About this exercise
After finding the line containing "of Belize in 2011" below, please output that line and each following one through the line containing "year 2009, what", exactly as written.

(Exercise data Opens)

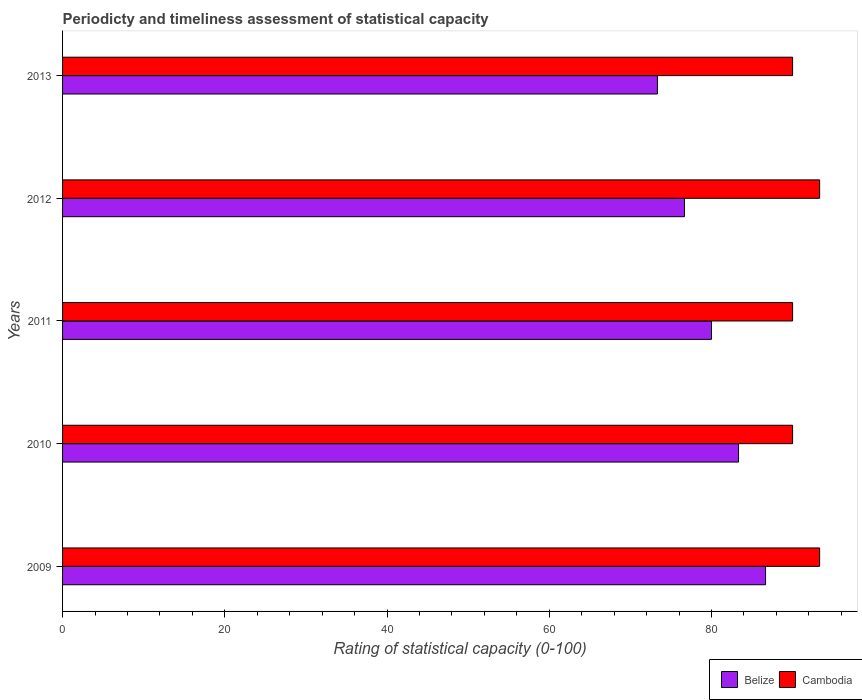How many groups of bars are there?
Ensure brevity in your answer.  5. How many bars are there on the 1st tick from the top?
Your response must be concise. 2. How many bars are there on the 5th tick from the bottom?
Offer a terse response. 2. What is the rating of statistical capacity in Cambodia in 2010?
Ensure brevity in your answer.  90. Across all years, what is the maximum rating of statistical capacity in Cambodia?
Ensure brevity in your answer.  93.33. In which year was the rating of statistical capacity in Cambodia maximum?
Your answer should be very brief. 2009. What is the total rating of statistical capacity in Cambodia in the graph?
Give a very brief answer. 456.67. What is the difference between the rating of statistical capacity in Cambodia in 2011 and that in 2012?
Provide a succinct answer. -3.33. What is the difference between the rating of statistical capacity in Belize in 2010 and the rating of statistical capacity in Cambodia in 2012?
Offer a very short reply. -10. What is the average rating of statistical capacity in Cambodia per year?
Your response must be concise. 91.33. In the year 2011, what is the difference between the rating of statistical capacity in Belize and rating of statistical capacity in Cambodia?
Give a very brief answer. -10. In how many years, is the rating of statistical capacity in Cambodia greater than 28 ?
Make the answer very short. 5. What is the ratio of the rating of statistical capacity in Belize in 2009 to that in 2010?
Offer a terse response. 1.04. Is the difference between the rating of statistical capacity in Belize in 2009 and 2012 greater than the difference between the rating of statistical capacity in Cambodia in 2009 and 2012?
Your answer should be very brief. Yes. What is the difference between the highest and the second highest rating of statistical capacity in Belize?
Offer a very short reply. 3.33. What is the difference between the highest and the lowest rating of statistical capacity in Belize?
Keep it short and to the point. 13.33. What does the 2nd bar from the top in 2009 represents?
Give a very brief answer. Belize. What does the 1st bar from the bottom in 2012 represents?
Offer a terse response. Belize. How many years are there in the graph?
Offer a terse response. 5. Are the values on the major ticks of X-axis written in scientific E-notation?
Your answer should be very brief. No. Where does the legend appear in the graph?
Make the answer very short. Bottom right. How many legend labels are there?
Provide a succinct answer. 2. What is the title of the graph?
Provide a succinct answer. Periodicty and timeliness assessment of statistical capacity. Does "Burkina Faso" appear as one of the legend labels in the graph?
Your answer should be compact. No. What is the label or title of the X-axis?
Make the answer very short. Rating of statistical capacity (0-100). What is the label or title of the Y-axis?
Offer a terse response. Years. What is the Rating of statistical capacity (0-100) of Belize in 2009?
Make the answer very short. 86.67. What is the Rating of statistical capacity (0-100) of Cambodia in 2009?
Keep it short and to the point. 93.33. What is the Rating of statistical capacity (0-100) in Belize in 2010?
Make the answer very short. 83.33. What is the Rating of statistical capacity (0-100) in Belize in 2011?
Make the answer very short. 80. What is the Rating of statistical capacity (0-100) of Cambodia in 2011?
Give a very brief answer. 90. What is the Rating of statistical capacity (0-100) in Belize in 2012?
Provide a short and direct response. 76.67. What is the Rating of statistical capacity (0-100) in Cambodia in 2012?
Give a very brief answer. 93.33. What is the Rating of statistical capacity (0-100) in Belize in 2013?
Offer a very short reply. 73.33. What is the Rating of statistical capacity (0-100) of Cambodia in 2013?
Give a very brief answer. 90. Across all years, what is the maximum Rating of statistical capacity (0-100) in Belize?
Offer a very short reply. 86.67. Across all years, what is the maximum Rating of statistical capacity (0-100) of Cambodia?
Your response must be concise. 93.33. Across all years, what is the minimum Rating of statistical capacity (0-100) in Belize?
Offer a very short reply. 73.33. What is the total Rating of statistical capacity (0-100) of Belize in the graph?
Give a very brief answer. 400. What is the total Rating of statistical capacity (0-100) of Cambodia in the graph?
Your answer should be very brief. 456.67. What is the difference between the Rating of statistical capacity (0-100) in Belize in 2009 and that in 2010?
Your answer should be compact. 3.33. What is the difference between the Rating of statistical capacity (0-100) of Cambodia in 2009 and that in 2012?
Your answer should be compact. 0. What is the difference between the Rating of statistical capacity (0-100) of Belize in 2009 and that in 2013?
Your response must be concise. 13.33. What is the difference between the Rating of statistical capacity (0-100) in Cambodia in 2009 and that in 2013?
Offer a terse response. 3.33. What is the difference between the Rating of statistical capacity (0-100) in Cambodia in 2010 and that in 2011?
Keep it short and to the point. 0. What is the difference between the Rating of statistical capacity (0-100) of Belize in 2010 and that in 2012?
Your response must be concise. 6.67. What is the difference between the Rating of statistical capacity (0-100) in Cambodia in 2010 and that in 2012?
Your response must be concise. -3.33. What is the difference between the Rating of statistical capacity (0-100) in Cambodia in 2011 and that in 2013?
Give a very brief answer. 0. What is the difference between the Rating of statistical capacity (0-100) in Belize in 2009 and the Rating of statistical capacity (0-100) in Cambodia in 2011?
Keep it short and to the point. -3.33. What is the difference between the Rating of statistical capacity (0-100) in Belize in 2009 and the Rating of statistical capacity (0-100) in Cambodia in 2012?
Your answer should be very brief. -6.67. What is the difference between the Rating of statistical capacity (0-100) in Belize in 2010 and the Rating of statistical capacity (0-100) in Cambodia in 2011?
Provide a succinct answer. -6.67. What is the difference between the Rating of statistical capacity (0-100) of Belize in 2010 and the Rating of statistical capacity (0-100) of Cambodia in 2013?
Give a very brief answer. -6.67. What is the difference between the Rating of statistical capacity (0-100) in Belize in 2011 and the Rating of statistical capacity (0-100) in Cambodia in 2012?
Ensure brevity in your answer.  -13.33. What is the difference between the Rating of statistical capacity (0-100) of Belize in 2011 and the Rating of statistical capacity (0-100) of Cambodia in 2013?
Make the answer very short. -10. What is the difference between the Rating of statistical capacity (0-100) in Belize in 2012 and the Rating of statistical capacity (0-100) in Cambodia in 2013?
Provide a succinct answer. -13.33. What is the average Rating of statistical capacity (0-100) in Belize per year?
Offer a terse response. 80. What is the average Rating of statistical capacity (0-100) of Cambodia per year?
Ensure brevity in your answer.  91.33. In the year 2009, what is the difference between the Rating of statistical capacity (0-100) of Belize and Rating of statistical capacity (0-100) of Cambodia?
Give a very brief answer. -6.67. In the year 2010, what is the difference between the Rating of statistical capacity (0-100) in Belize and Rating of statistical capacity (0-100) in Cambodia?
Keep it short and to the point. -6.67. In the year 2012, what is the difference between the Rating of statistical capacity (0-100) in Belize and Rating of statistical capacity (0-100) in Cambodia?
Make the answer very short. -16.67. In the year 2013, what is the difference between the Rating of statistical capacity (0-100) of Belize and Rating of statistical capacity (0-100) of Cambodia?
Your answer should be compact. -16.67. What is the ratio of the Rating of statistical capacity (0-100) of Belize in 2009 to that in 2010?
Give a very brief answer. 1.04. What is the ratio of the Rating of statistical capacity (0-100) of Cambodia in 2009 to that in 2010?
Your answer should be very brief. 1.04. What is the ratio of the Rating of statistical capacity (0-100) of Cambodia in 2009 to that in 2011?
Make the answer very short. 1.04. What is the ratio of the Rating of statistical capacity (0-100) of Belize in 2009 to that in 2012?
Ensure brevity in your answer.  1.13. What is the ratio of the Rating of statistical capacity (0-100) in Belize in 2009 to that in 2013?
Your answer should be very brief. 1.18. What is the ratio of the Rating of statistical capacity (0-100) in Belize in 2010 to that in 2011?
Provide a succinct answer. 1.04. What is the ratio of the Rating of statistical capacity (0-100) in Cambodia in 2010 to that in 2011?
Provide a short and direct response. 1. What is the ratio of the Rating of statistical capacity (0-100) in Belize in 2010 to that in 2012?
Your answer should be compact. 1.09. What is the ratio of the Rating of statistical capacity (0-100) of Cambodia in 2010 to that in 2012?
Offer a terse response. 0.96. What is the ratio of the Rating of statistical capacity (0-100) in Belize in 2010 to that in 2013?
Ensure brevity in your answer.  1.14. What is the ratio of the Rating of statistical capacity (0-100) in Belize in 2011 to that in 2012?
Your answer should be very brief. 1.04. What is the ratio of the Rating of statistical capacity (0-100) of Cambodia in 2011 to that in 2012?
Your answer should be compact. 0.96. What is the ratio of the Rating of statistical capacity (0-100) in Belize in 2012 to that in 2013?
Provide a succinct answer. 1.05. What is the difference between the highest and the second highest Rating of statistical capacity (0-100) of Cambodia?
Your response must be concise. 0. What is the difference between the highest and the lowest Rating of statistical capacity (0-100) of Belize?
Offer a very short reply. 13.33. 
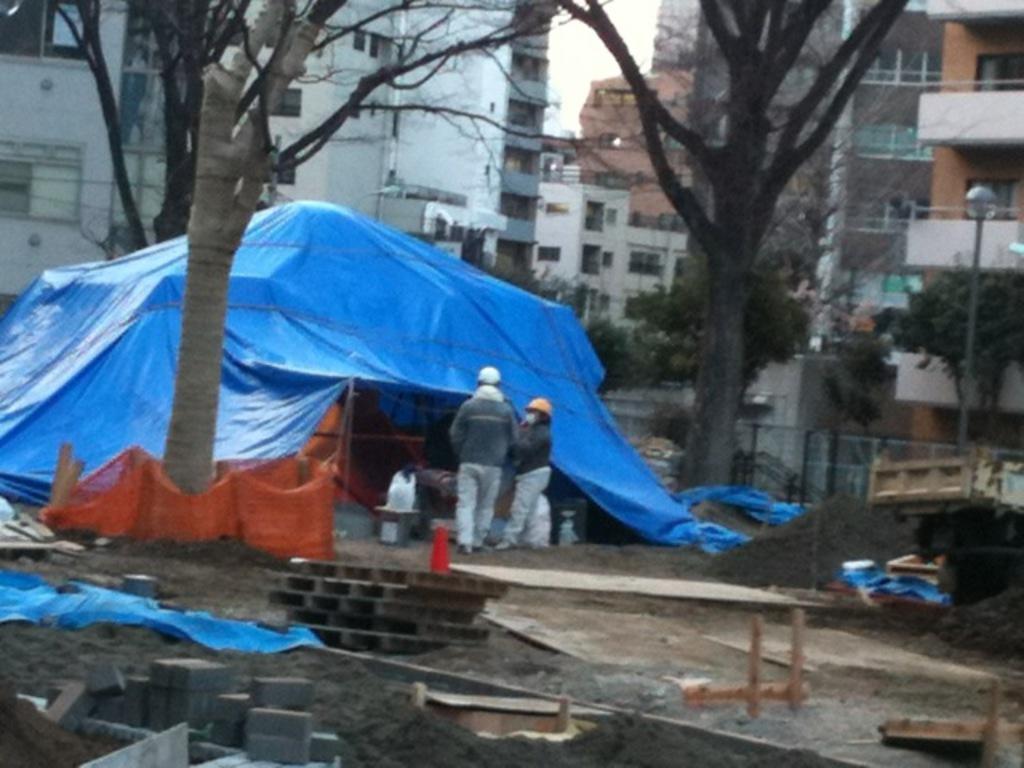How would you summarize this image in a sentence or two? In the center of the image, we can see a tent and some people and are wearing helmets and there are bricks, asbestos, a table, sand and some other objects and there are clothes. In the background, we can see a fence, trees and buildings and there is a pole. 
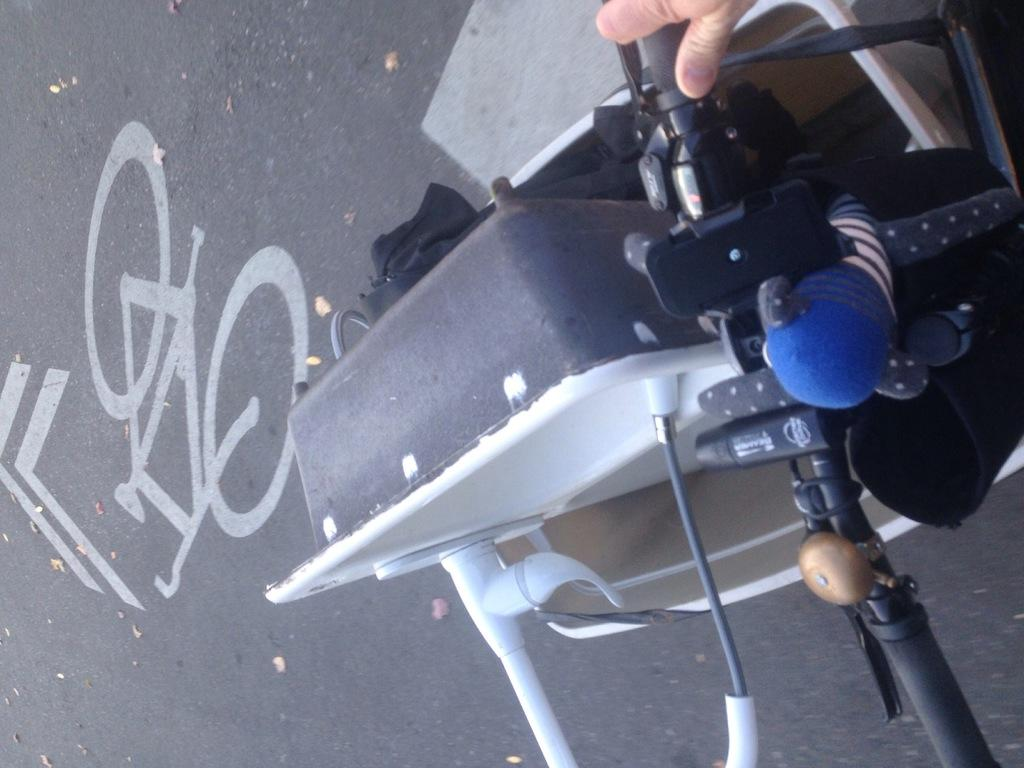What is the person in the image doing? There is a person cycling on the road in the image. What can be seen on the road besides the cyclist? There is a painting of a bicycle on the road. What is in the basket of the bicycle? There is an object in the basket of the bicycle. What type of teeth can be seen in the painting of the bicycle? There are no teeth visible in the image, as the painting is of a bicycle and not a living organism with teeth. 
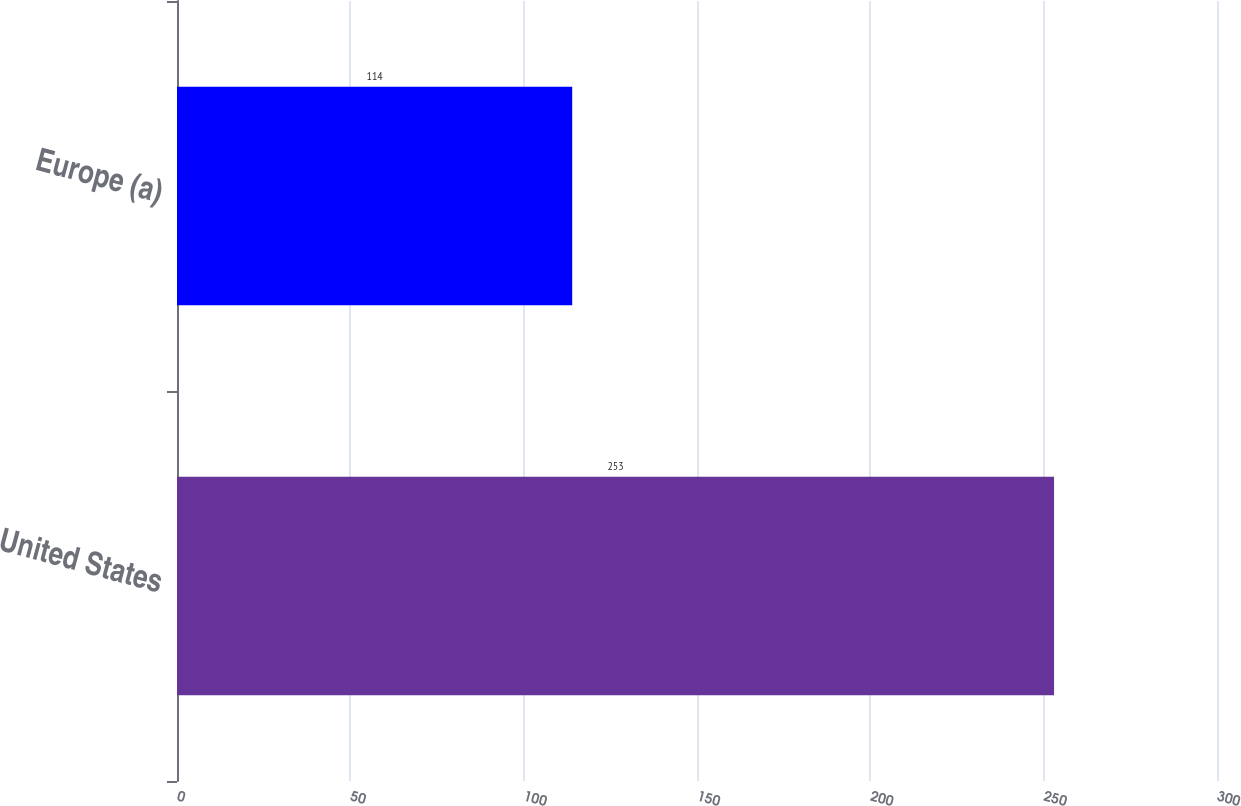<chart> <loc_0><loc_0><loc_500><loc_500><bar_chart><fcel>United States<fcel>Europe (a)<nl><fcel>253<fcel>114<nl></chart> 
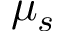Convert formula to latex. <formula><loc_0><loc_0><loc_500><loc_500>\mu _ { s }</formula>

(Exercise data Closes)

Answer box
Ensure brevity in your answer.  -13.33. What is the difference between the Rating of statistical capacity (0-100) of Belize in 2011 and the Rating of statistical capacity (0-100) of Cambodia in 2013?
Make the answer very short. -10. What is the difference between the Rating of statistical capacity (0-100) in Belize in 2012 and the Rating of statistical capacity (0-100) in Cambodia in 2013?
Provide a succinct answer. -13.33. What is the average Rating of statistical capacity (0-100) in Belize per year?
Offer a terse response. 80. What is the average Rating of statistical capacity (0-100) of Cambodia per year?
Ensure brevity in your answer.  91.33. In the year 2009, what is the difference between the Rating of statistical capacity (0-100) of Belize and Rating of statistical capacity (0-100) of Cambodia?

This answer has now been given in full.